"One of the first of these studies was conducted by Ehrlich. Using aggregate homicide data for the United States for the period 1933-70, Ehrlich analyzed the effect of the probability of execution upon homicide rates. Ehrlich also controlled for a variety of other factors, including unemployment, age distribution, and per capita income. Based upon this analysis, Ehrlich concluded that executions did have a deterrent effect and, specifically, that between seven and eight homicides were deterred by each execution...
... Attempted replications of Ehrlich's work using similar methods (multivariate analyses and econometric methods) have failed, however, to find a deterrence effect. For example, Loftin did an elaborate ecological analysis of crime rates and social characteristics in the United States. When social and economic variables such as poverty, education, and family structure were controlled, Loftin's study found little or no evidence for the deterrence hypothesis. Similarly, Brier and Fienberg used econometric models to test for a deterrence effect, and they concluded that the claims made in Ehrlich's 1975 study were not supported by the evidence. Finally, some of the most interesting longitudinal evidence involves separate time-series analyses from five different states examining the relationship between execution risk and homicide rates. Here, again, the evidence runs counter to deterrence theory in three of the five states examined...."
Archer, Gartner and Beittel notes, also, that "[i]n recent research, there is even some evidence for what might be called an "antideterrent" effect. A fine-grained study by Bowers and Pierce examined monthly homicide rates in New York State between 1907 and 1963 and found an average increase of two homicides in the month after an execution. This finding led Bowers and Pierce to postulate, in direct opposition to the deterrence hypothesis, a "brutalizing" effect, that is, that executions might increase rather than deter homicides.
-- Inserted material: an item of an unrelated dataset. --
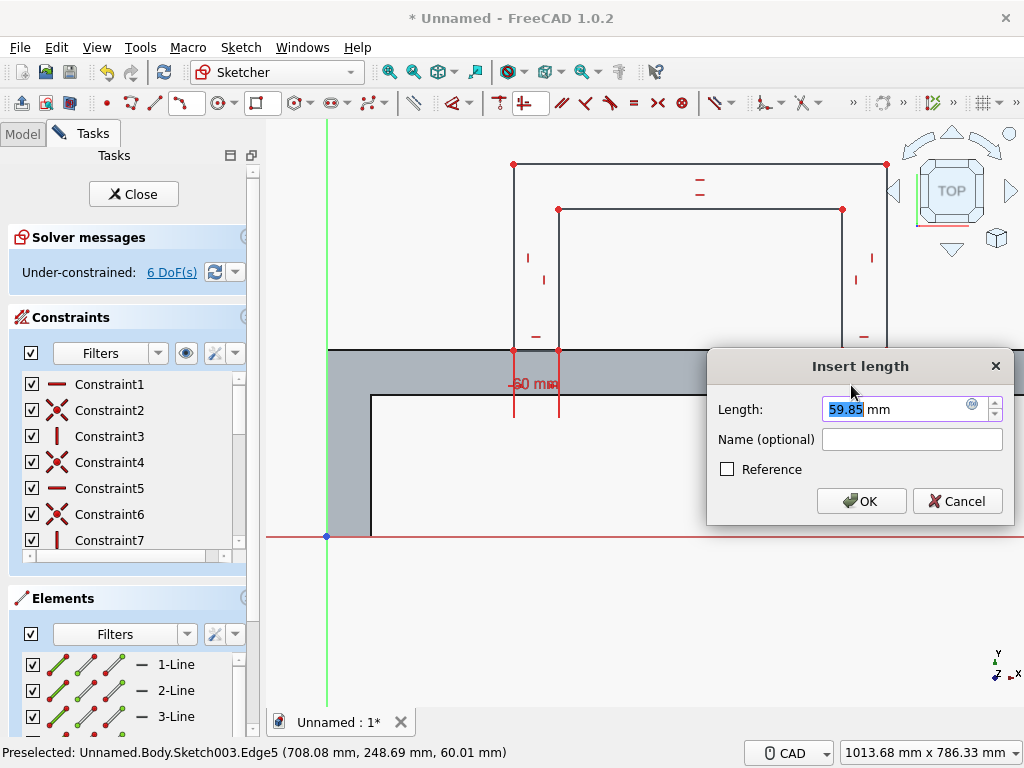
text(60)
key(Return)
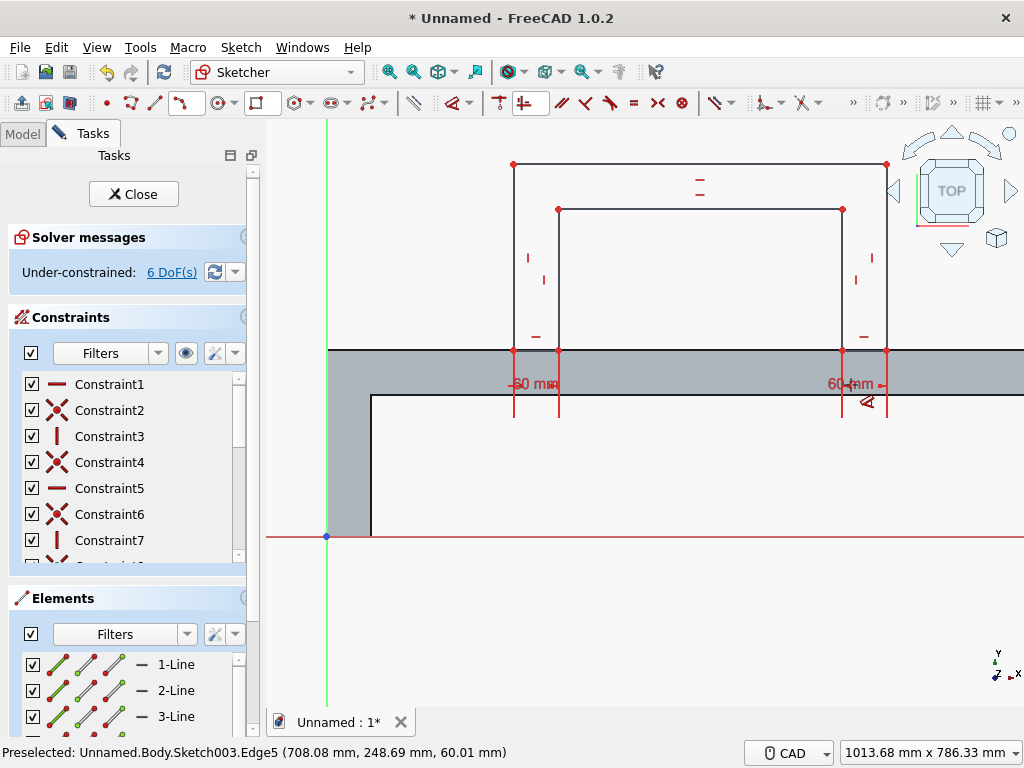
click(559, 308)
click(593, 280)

In summary, recent studies of the de facto issue do not contradict the long-standing conclusion from de jure research that the death penalty has no consistent, demonstrable deterrent effect...."
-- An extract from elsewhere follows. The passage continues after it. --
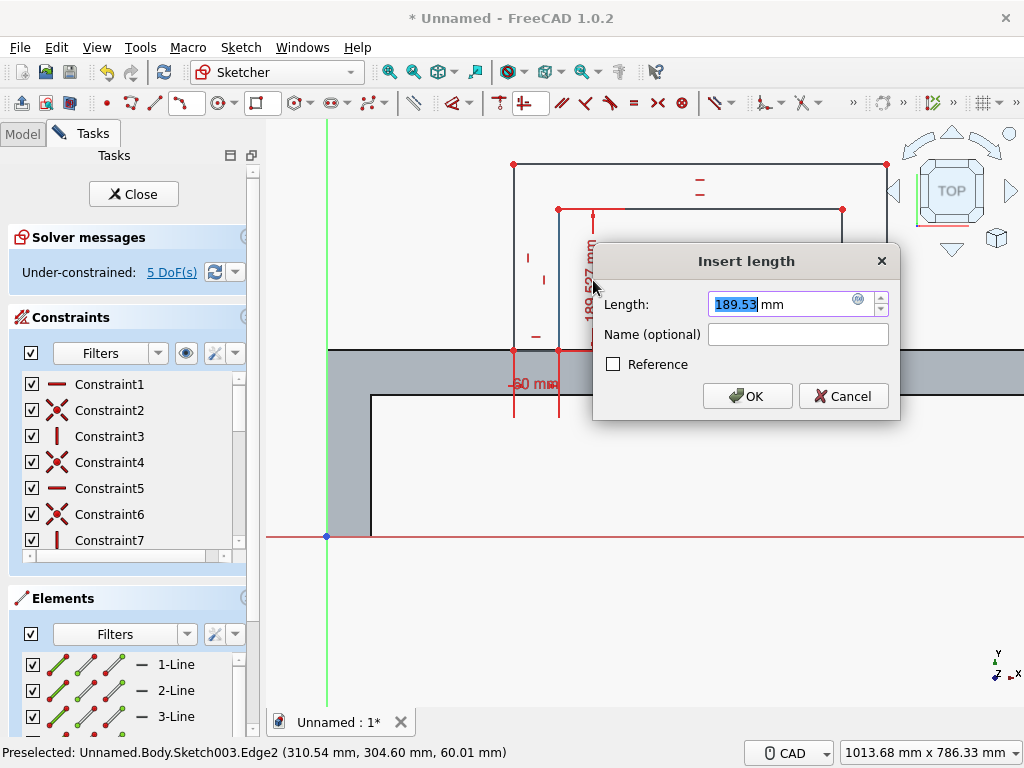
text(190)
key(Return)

Their own research, Archer, Gartner and Beittel note, fails to support and, indeed, repeatedly contradicts the proposition that "If capital punishment is a more effective deterrent than the alternative of life imprisonment, its abolition ought to be followed by homicide rate increases." In their "cross-national sample, abolition was followed more often than not by absolute decreases in homicide rates. Further, the homicide rates of these nations also decreased relative to the rates of noncapital offenses after abolition. Both of these findings hold true whether comparisons are made for short, medium, or the longest feasible time periods.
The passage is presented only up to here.